1 The basic idea of ​​the mathematical model The shape of the tooth profile of the non-circular gear is not only related to the relative motion parameters of the workpiece and the tool, but also to the tooth profile of the tool.
When machining with a rack tool, since the tooth angles of the points on the tooth profile of the rack tool are constant values, the pair of non-circular gear pairs that are machined can obviously perform the correct meshing transmission according to the known pitch curve.

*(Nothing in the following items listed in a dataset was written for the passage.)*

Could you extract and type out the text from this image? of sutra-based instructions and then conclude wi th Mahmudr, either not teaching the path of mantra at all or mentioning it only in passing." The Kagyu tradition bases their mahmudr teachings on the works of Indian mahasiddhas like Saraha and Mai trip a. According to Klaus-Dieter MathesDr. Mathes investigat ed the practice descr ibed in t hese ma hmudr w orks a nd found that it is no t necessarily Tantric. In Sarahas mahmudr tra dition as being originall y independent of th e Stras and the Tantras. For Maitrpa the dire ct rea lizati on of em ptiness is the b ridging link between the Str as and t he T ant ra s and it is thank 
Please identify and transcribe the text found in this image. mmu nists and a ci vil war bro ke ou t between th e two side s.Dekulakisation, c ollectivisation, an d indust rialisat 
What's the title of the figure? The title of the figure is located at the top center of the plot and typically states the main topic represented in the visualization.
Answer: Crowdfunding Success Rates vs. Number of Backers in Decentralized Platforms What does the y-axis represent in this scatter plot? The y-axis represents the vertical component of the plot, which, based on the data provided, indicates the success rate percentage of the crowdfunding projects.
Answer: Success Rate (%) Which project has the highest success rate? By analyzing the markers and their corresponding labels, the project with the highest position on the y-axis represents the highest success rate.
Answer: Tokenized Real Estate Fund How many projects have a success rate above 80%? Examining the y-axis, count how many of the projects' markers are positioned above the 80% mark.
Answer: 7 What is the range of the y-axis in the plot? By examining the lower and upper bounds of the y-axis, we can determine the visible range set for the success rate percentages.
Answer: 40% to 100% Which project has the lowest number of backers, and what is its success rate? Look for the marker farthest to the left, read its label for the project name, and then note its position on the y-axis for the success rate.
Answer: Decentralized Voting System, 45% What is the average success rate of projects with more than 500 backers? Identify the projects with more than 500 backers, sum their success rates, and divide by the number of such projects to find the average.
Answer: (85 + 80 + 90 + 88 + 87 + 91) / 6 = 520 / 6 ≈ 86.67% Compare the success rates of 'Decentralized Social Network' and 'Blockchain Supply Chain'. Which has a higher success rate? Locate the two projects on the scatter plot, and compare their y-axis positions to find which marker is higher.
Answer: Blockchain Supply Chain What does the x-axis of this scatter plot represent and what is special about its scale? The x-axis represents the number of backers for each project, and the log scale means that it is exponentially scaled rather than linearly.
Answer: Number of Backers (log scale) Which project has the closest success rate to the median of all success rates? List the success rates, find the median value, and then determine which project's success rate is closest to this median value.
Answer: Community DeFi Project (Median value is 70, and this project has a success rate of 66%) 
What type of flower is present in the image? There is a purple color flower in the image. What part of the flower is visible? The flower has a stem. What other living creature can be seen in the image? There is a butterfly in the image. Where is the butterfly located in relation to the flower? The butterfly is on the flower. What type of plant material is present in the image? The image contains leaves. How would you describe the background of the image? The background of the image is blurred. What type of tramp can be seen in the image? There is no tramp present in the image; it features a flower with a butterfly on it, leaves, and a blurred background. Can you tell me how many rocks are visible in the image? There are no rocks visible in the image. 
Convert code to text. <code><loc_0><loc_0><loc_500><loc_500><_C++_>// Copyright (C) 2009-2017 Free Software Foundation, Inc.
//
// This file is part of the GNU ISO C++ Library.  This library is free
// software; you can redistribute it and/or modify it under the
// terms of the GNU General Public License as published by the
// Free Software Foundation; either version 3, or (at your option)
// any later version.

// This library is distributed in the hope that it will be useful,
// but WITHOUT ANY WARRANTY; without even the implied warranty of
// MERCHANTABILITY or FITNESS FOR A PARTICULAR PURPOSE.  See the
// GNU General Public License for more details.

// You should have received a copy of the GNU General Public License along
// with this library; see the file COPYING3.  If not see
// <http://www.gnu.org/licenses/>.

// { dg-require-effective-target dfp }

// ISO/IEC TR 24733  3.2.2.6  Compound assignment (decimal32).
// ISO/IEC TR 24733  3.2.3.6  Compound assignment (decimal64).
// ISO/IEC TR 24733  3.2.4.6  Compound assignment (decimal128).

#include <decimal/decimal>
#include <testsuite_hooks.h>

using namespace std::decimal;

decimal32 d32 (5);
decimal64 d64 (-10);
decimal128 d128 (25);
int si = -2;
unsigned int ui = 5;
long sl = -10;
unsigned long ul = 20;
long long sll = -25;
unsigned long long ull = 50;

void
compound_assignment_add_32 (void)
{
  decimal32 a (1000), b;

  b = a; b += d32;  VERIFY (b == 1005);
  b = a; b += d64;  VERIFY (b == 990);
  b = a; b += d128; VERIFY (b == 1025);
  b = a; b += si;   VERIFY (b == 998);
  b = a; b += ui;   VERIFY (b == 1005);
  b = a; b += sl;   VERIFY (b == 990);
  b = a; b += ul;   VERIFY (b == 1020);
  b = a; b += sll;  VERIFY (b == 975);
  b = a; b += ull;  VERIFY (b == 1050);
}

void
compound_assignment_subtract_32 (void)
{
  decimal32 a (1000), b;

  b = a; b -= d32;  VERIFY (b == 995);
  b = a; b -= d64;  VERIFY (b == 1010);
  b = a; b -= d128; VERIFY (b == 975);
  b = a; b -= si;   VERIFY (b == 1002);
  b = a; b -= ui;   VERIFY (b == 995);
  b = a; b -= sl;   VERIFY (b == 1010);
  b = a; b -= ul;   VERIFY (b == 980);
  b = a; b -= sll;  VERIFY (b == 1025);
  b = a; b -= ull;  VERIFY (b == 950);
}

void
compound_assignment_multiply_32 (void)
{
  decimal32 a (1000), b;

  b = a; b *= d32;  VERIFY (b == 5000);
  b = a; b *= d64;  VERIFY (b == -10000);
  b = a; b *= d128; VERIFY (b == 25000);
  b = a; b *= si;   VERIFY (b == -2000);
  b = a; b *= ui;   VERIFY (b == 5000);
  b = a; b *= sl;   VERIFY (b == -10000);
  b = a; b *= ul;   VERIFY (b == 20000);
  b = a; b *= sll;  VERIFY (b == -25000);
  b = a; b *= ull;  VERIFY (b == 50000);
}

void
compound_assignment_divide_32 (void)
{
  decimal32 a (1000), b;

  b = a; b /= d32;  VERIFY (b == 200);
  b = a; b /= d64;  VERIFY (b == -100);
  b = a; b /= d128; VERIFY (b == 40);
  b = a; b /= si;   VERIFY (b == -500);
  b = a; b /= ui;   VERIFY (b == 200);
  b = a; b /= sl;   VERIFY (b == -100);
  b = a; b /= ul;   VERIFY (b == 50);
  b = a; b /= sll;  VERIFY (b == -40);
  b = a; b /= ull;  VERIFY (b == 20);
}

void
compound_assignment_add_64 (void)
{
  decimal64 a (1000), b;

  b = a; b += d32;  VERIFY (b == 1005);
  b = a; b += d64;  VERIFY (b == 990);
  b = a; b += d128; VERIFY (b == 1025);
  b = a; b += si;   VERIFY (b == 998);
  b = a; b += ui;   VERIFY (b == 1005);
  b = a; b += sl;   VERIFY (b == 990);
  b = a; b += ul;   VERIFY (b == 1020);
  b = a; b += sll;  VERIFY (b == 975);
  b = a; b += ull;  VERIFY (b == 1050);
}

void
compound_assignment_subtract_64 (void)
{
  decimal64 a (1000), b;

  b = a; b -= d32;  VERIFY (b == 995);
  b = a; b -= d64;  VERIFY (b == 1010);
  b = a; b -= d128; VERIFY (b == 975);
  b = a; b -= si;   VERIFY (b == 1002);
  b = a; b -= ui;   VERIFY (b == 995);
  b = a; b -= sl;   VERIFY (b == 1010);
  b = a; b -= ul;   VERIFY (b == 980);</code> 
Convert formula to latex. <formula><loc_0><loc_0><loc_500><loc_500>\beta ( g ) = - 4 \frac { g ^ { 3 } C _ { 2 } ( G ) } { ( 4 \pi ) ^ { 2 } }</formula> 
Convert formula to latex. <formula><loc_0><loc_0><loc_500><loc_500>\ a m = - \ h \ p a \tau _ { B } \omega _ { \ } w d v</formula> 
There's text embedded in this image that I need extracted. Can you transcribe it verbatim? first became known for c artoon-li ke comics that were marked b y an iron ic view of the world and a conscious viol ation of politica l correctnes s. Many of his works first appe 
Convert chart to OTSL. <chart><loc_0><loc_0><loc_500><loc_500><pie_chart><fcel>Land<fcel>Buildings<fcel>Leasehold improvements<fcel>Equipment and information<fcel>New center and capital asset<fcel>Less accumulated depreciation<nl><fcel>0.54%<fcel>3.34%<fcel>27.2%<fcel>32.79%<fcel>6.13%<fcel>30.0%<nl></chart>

Knowing the non-circular gear section curve, according to the involute gear tooth profile forming principle, the idea of ​​machining the gear by means of the gear shaping method--when a pair of conjugate tooth profiles mesh with each other, the tooth profiles are envelops with each other. The involute cylindrical gear indexing circle is purely rolled on the non-circular gear section curve, and the tooth profile of the cylindrical gear (pinning cutter) envelops the tooth profile of the non-circular gear.
Therefore, it is first necessary to establish the mathematical model of the involute cylindrical gear profile of the shaper cutter, and then establish the geometric positional relationship between the insert and the non-circular gear blank as a knot curve, so that it can be purely rolled. The meshing equation combines the two models to obtain a mathematical model of the non-circular gear profile curve.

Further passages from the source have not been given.